# Can't find any free avian ref templates! Help?



## Belatucadros (Feb 3, 2017)

Heey guys. I've been digging around for some free semi-realistic avian reference templates, but can't find any at all! I'm not into cartoonish or super realistic avians, I'm looking for something in-between. Doesn't matter what species it is, as long as it's an avian! Anthro dragons are good too. Thanks.

- Belatucadros


----------



## Caryatid (Feb 3, 2017)

Oh man! This is something I struggle with too.... I've drawn both a lot of avians and some anthro dragons but am still pretty new to the anatomy thing. Maybe I can make some quick samples templates  based on how I do things and upload them if they'll be helpful for folks. I know avians and other non-mammals  are kind of daunting bc its hard to adapt their anatomy in a humanoid way but i think its p possible!
(although my usual solution is just to... cover them in many layers of fancy clothing to mask my anatomical limitations)


----------



## SlimeMonsta (Feb 3, 2017)

If I knew more avians and such, I would make a Free to use base. Cause it seems like the avian family is under-rated.


----------



## Belatucadros (Feb 3, 2017)

I guess I'll just have to keep digging...


----------



## Caryatid (Feb 4, 2017)

Belatucadros said:


> I guess I'll just have to keep digging...

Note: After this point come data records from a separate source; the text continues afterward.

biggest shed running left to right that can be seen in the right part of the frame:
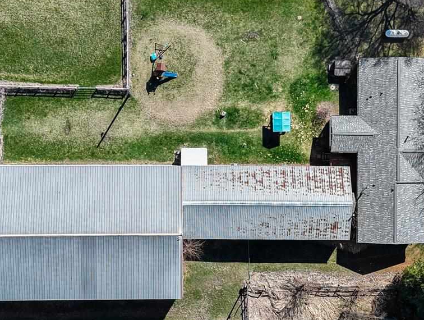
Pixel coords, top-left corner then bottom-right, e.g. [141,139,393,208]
[183,166,358,239]
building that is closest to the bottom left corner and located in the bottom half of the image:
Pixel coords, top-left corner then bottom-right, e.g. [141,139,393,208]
[0,164,183,300]
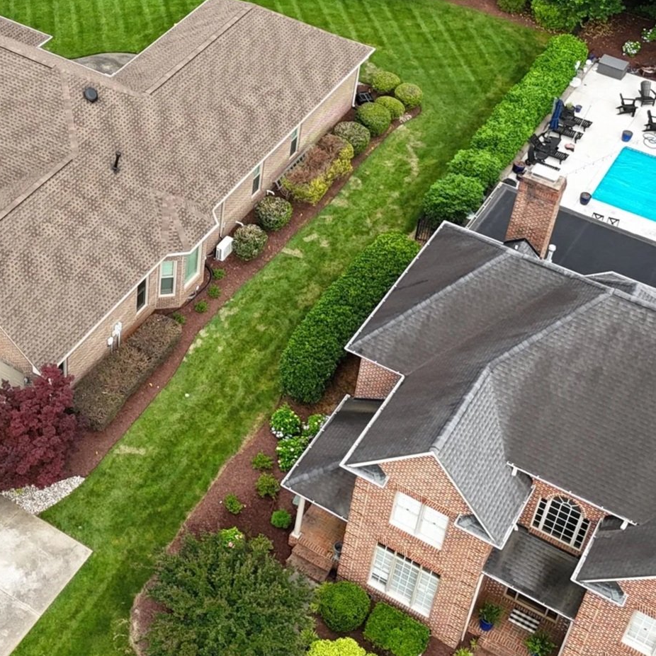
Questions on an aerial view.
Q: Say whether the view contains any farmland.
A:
No
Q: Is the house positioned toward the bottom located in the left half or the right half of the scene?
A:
right
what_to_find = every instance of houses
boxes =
[275,167,656,656]
[0,0,378,409]
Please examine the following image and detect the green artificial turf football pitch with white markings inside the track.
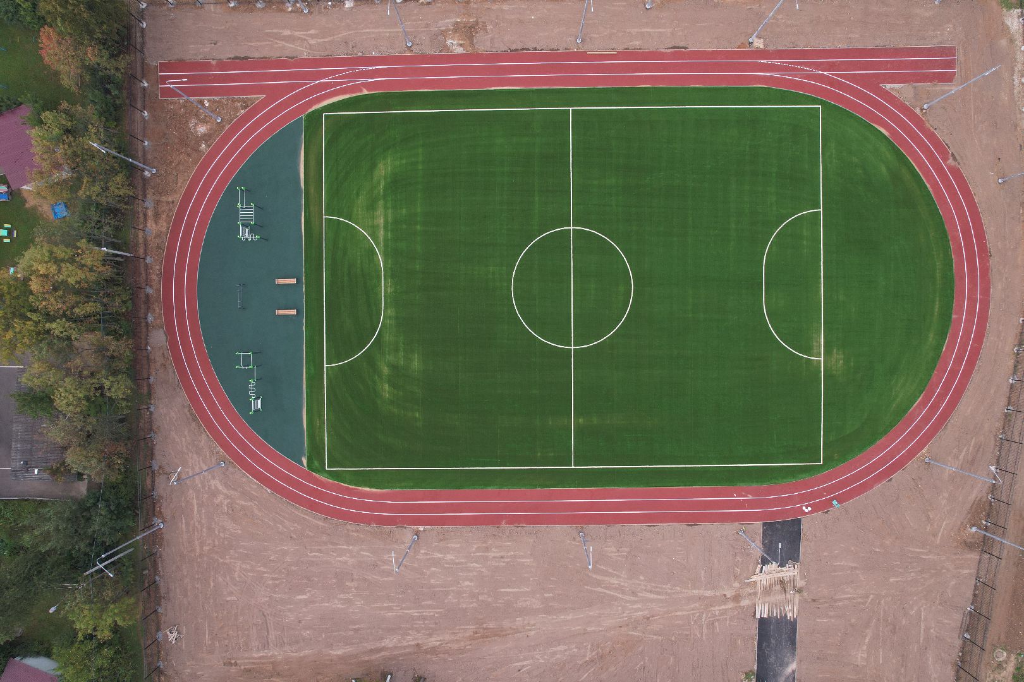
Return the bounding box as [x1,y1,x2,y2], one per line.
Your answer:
[303,86,953,490]
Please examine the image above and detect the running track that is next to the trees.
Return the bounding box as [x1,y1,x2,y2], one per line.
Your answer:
[158,44,991,528]
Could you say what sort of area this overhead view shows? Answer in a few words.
sports ground
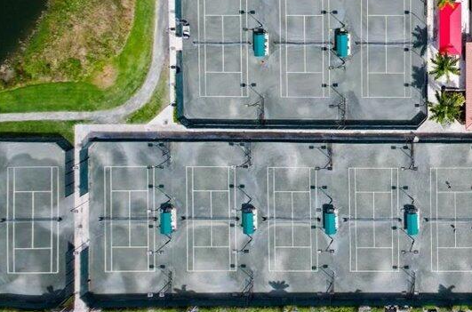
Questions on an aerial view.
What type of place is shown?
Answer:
sports ground
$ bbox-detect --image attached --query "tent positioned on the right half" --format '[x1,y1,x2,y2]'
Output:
[439,2,462,54]
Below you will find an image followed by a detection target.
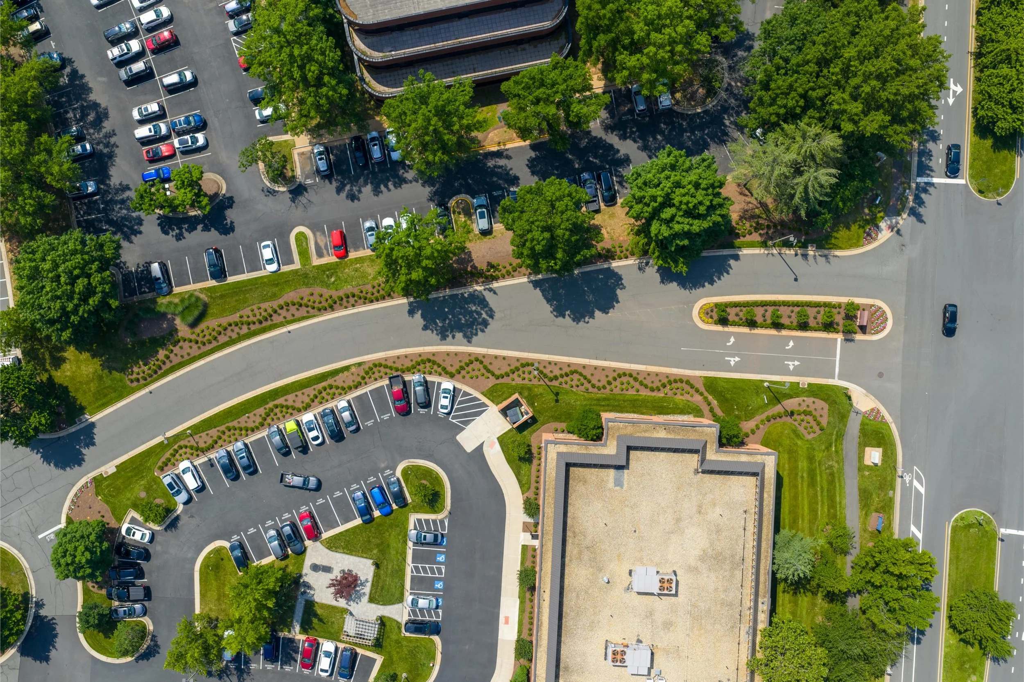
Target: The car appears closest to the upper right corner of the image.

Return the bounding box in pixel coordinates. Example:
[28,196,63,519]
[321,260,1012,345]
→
[944,143,961,178]
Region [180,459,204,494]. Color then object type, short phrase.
white car
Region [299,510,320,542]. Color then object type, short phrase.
red car
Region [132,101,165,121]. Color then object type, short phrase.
white car
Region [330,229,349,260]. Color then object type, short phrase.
red car
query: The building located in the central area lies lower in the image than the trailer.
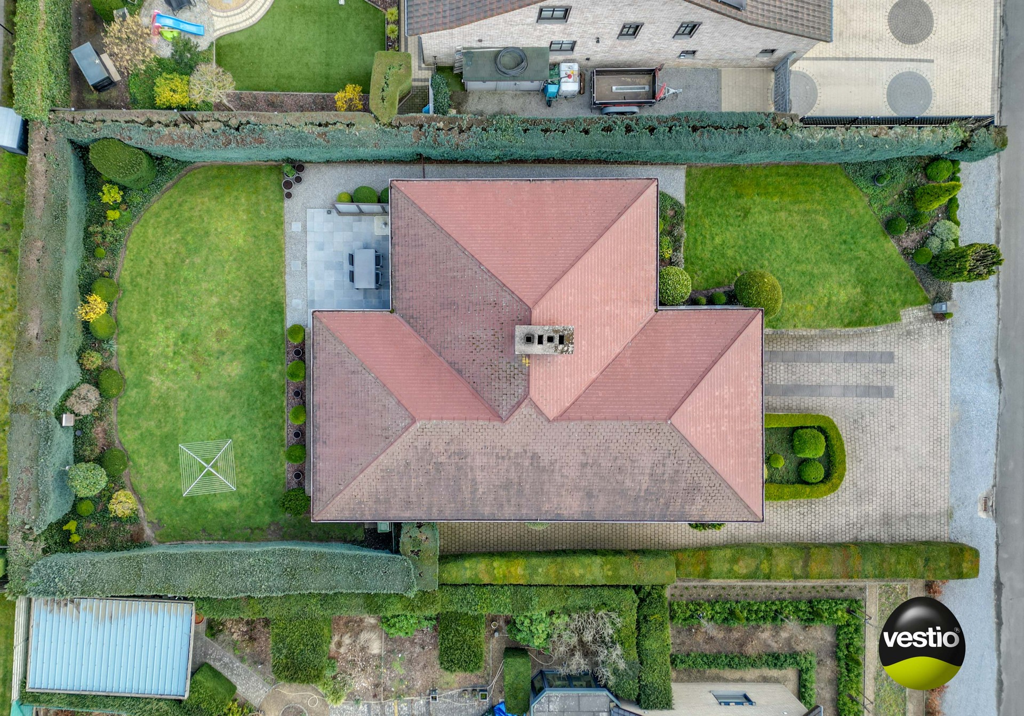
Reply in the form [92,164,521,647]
[312,179,764,522]
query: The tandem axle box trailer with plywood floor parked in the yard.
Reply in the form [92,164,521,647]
[590,65,686,115]
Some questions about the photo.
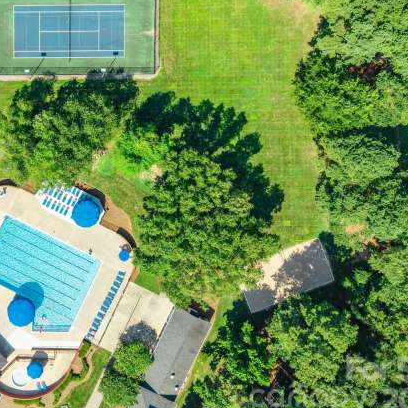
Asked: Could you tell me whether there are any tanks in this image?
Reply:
No
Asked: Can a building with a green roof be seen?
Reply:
No
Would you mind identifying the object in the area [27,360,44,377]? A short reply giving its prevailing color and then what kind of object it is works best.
blue umbrella
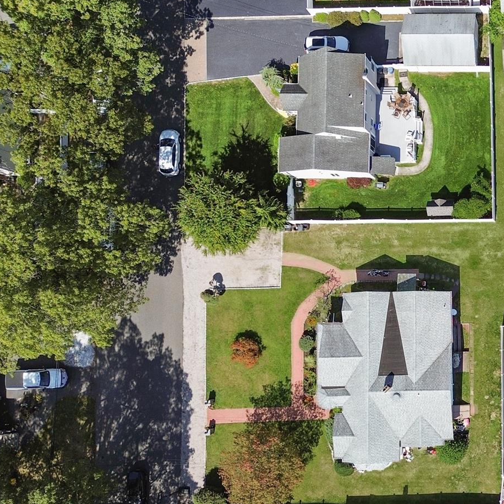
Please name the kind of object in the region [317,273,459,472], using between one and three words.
house

Good idea ahah... if i find any (or decide to make some) i'lll let u know!


----------



## Belatucadros (Feb 4, 2017)

Thanks!


----------



## Kirkzer (Feb 4, 2017)

www.furryteens.org: Free to use lineart

May be off some help?


----------



## Belatucadros (Feb 4, 2017)

Ah yes, I did see that. I'll look through it again though, thanks!


----------



## Alex K (Feb 4, 2017)

Not exactly sure what avian is but if you want a template all you gotta do is buy one at wal-mart


----------



## SSJ3Mewtwo (Feb 4, 2017)

Alex K said:


> Not exactly sure what avian is but if you want a template all you gotta do is buy one at wal-mart



Avian means bird.  So bird-anthros.

And obviously the OP is talking about a base for character design, not household painting or mounting supplies.

Please do not post blatantly off-topic commentary in other users' threads.


----------



## Alex K (Feb 4, 2017)

SSJ3Mewtwo said:


> Avian means bird.  So bird-anthros.
> 
> And obviously the OP is talking about a base for character design, not household painting or mounting supplies.
> 
> Please do not post blatantly off-topic commentary in other users' threads.



Okay then but I was just trying to suggest for help


----------



## Caryatid (Feb 12, 2017)

Ahoy!!! I tried my hand at making some avian bases/templates. I've never made bases before so I'm not sure how detailed or not they're supposed to be but I decided to make like an absolute basic body type that  I usually start off with before I start piling on the clothes, accessories, etc. 

It's kind of a generic bird but depending on the shape of the beak you can change the look of it dramatically. If you do decide to use it its fine w/ credit! It should be a transparent file if u download.


----------



## Honey Lavender; (Feb 21, 2017)

Listen closely- You'll have to use a photo editor that is NOT paint, but this has just about every combination of every anthro one could think of... just leave the credit statement on the bottom margin enabled, and you'll be fine.
Ultimate Free Reference Sheet | RadPandas


----------



## Belatucadros (Feb 21, 2017)

I'll check it out, thanks!


----------